■ **Data to process**:
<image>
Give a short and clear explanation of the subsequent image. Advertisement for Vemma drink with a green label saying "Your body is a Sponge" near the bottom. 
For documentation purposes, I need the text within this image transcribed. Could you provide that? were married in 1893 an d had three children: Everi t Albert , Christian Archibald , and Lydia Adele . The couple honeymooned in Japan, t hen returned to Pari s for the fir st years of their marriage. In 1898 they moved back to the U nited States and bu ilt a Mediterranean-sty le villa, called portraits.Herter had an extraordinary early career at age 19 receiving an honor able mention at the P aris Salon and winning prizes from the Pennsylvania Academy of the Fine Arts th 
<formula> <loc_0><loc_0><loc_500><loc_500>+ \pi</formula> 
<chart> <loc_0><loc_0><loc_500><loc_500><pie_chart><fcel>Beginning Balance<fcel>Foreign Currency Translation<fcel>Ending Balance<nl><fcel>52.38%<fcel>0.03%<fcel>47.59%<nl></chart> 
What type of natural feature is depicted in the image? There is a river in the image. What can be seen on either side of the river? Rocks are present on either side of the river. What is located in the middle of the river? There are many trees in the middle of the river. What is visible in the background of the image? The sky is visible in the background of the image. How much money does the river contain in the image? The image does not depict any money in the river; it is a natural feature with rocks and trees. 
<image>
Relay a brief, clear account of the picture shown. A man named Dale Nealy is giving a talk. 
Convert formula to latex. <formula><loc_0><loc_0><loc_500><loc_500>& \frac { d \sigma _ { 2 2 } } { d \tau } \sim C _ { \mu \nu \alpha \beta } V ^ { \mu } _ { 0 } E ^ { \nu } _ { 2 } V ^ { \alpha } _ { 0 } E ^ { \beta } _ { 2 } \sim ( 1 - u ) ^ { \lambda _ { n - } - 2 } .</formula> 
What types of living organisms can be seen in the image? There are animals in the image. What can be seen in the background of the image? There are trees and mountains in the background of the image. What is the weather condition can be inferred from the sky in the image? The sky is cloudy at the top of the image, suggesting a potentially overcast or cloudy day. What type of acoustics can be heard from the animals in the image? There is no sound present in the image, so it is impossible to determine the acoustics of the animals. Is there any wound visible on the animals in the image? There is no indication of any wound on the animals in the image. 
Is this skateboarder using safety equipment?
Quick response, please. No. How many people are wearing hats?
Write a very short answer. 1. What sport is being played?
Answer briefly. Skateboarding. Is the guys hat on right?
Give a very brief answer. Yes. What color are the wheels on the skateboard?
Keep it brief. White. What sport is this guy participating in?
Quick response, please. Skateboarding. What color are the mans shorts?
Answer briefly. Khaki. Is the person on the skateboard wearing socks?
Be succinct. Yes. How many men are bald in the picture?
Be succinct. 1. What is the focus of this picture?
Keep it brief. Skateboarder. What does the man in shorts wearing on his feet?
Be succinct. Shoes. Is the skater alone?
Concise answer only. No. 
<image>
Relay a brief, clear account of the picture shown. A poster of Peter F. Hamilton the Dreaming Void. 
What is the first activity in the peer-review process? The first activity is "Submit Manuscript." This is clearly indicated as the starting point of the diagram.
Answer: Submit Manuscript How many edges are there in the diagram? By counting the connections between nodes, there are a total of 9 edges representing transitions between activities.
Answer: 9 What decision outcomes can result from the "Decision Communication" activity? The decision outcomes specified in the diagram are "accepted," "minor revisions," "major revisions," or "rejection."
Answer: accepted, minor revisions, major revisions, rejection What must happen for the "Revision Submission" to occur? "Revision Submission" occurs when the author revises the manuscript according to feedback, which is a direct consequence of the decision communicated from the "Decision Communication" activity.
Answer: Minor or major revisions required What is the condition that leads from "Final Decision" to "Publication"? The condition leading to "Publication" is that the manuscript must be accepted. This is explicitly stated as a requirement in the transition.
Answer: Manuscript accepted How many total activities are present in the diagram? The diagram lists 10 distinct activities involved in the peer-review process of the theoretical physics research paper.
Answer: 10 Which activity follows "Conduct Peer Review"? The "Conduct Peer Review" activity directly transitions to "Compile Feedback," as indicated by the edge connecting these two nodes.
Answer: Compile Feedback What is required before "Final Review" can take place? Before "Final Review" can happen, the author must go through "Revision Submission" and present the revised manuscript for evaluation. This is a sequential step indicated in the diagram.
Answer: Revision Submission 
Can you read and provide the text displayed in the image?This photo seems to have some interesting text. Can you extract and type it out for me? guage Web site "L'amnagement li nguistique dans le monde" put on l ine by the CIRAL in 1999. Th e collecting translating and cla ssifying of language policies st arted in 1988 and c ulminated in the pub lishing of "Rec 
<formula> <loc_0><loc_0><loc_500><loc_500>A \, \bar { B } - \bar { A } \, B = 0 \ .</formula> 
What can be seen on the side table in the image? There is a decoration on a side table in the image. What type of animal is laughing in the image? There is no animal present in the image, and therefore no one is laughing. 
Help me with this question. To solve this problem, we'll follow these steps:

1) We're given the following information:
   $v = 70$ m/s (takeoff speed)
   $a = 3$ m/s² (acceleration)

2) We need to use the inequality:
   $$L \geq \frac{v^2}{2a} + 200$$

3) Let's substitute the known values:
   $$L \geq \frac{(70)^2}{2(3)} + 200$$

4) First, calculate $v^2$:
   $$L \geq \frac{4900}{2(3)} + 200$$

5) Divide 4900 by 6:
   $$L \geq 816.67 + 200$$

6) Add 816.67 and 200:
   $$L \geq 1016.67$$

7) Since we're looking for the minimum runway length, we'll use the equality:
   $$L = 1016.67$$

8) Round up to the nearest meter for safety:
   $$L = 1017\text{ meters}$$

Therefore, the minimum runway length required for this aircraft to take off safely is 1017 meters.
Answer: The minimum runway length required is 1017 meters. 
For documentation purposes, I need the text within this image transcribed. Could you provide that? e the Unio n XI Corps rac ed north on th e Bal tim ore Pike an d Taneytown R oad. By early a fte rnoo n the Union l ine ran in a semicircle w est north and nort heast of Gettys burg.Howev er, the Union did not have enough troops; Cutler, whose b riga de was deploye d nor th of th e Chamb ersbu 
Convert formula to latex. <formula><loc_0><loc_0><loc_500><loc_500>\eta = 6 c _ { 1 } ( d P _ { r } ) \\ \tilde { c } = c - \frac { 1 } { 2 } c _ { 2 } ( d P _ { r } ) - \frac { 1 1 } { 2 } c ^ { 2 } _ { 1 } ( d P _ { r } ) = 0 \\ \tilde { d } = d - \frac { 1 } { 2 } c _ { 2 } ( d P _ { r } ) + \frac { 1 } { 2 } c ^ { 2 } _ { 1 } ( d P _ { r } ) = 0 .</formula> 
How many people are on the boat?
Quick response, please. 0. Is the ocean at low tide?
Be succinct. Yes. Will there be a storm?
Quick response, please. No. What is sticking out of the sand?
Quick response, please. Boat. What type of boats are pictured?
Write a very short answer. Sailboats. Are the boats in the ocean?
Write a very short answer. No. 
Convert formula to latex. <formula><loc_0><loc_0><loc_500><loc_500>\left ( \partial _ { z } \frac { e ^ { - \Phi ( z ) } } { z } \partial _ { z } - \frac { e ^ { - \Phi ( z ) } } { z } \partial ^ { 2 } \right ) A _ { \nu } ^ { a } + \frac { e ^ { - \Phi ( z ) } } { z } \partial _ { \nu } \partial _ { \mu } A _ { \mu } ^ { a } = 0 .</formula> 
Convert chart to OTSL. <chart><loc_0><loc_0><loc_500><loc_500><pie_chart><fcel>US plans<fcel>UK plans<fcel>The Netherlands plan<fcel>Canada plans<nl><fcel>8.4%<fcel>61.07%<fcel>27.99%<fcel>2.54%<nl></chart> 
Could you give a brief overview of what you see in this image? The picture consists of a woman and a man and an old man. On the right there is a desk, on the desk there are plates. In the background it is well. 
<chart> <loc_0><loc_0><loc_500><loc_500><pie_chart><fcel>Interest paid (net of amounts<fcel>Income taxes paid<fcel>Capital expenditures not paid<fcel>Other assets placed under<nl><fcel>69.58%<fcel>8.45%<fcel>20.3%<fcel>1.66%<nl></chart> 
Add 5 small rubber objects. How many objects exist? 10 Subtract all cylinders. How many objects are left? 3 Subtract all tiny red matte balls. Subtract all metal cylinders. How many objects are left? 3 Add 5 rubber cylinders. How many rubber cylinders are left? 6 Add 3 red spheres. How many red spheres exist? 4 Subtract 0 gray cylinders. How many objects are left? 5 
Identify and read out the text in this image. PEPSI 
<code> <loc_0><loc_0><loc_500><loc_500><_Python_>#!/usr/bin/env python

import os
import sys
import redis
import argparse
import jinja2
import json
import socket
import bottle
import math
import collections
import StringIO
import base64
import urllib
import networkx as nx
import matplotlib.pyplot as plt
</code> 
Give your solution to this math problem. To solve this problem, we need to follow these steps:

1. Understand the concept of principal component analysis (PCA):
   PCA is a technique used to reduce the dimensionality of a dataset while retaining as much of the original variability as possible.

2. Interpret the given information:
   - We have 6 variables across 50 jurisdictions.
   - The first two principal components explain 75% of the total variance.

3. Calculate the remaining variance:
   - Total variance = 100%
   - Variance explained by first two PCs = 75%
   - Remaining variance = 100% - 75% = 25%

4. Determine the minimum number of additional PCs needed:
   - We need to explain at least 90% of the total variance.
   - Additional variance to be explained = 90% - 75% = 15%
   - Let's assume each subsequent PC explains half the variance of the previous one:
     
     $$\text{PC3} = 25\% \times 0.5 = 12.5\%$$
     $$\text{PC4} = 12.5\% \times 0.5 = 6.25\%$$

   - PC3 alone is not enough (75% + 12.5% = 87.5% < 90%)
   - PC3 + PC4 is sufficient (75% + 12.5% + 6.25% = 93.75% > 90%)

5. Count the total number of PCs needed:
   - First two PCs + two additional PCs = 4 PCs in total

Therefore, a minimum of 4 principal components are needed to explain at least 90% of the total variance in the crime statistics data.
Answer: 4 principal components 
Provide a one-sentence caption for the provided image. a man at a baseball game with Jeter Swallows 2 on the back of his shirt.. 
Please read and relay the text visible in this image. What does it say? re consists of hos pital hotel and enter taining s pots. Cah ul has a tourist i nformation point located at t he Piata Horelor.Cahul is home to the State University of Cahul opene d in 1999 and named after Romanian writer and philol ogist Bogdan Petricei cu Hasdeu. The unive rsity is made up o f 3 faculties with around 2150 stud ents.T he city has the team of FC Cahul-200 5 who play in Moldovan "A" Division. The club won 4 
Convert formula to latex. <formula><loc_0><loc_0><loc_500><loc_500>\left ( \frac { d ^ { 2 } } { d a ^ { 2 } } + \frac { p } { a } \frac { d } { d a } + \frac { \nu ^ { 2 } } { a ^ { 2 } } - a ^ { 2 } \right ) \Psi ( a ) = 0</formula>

■ **What you need to do**: Above are the lines; repeat exactly the ones from the line containing "import urllib" down to the line containing "- Variance explained", both inclusive.

■ **Output for this exercise**:
import urllib
import networkx as nx
import matplotlib.pyplot as plt
</code> 
Give your solution to this math problem. To solve this problem, we need to follow these steps:

1. Understand the concept of principal component analysis (PCA):
   PCA is a technique used to reduce the dimensionality of a dataset while retaining as much of the original variability as possible.

2. Interpret the given information:
   - We have 6 variables across 50 jurisdictions.
   - The first two principal components explain 75% of the total variance.

3. Calculate the remaining variance:
   - Total variance = 100%
   - Variance explained by first two PCs = 75%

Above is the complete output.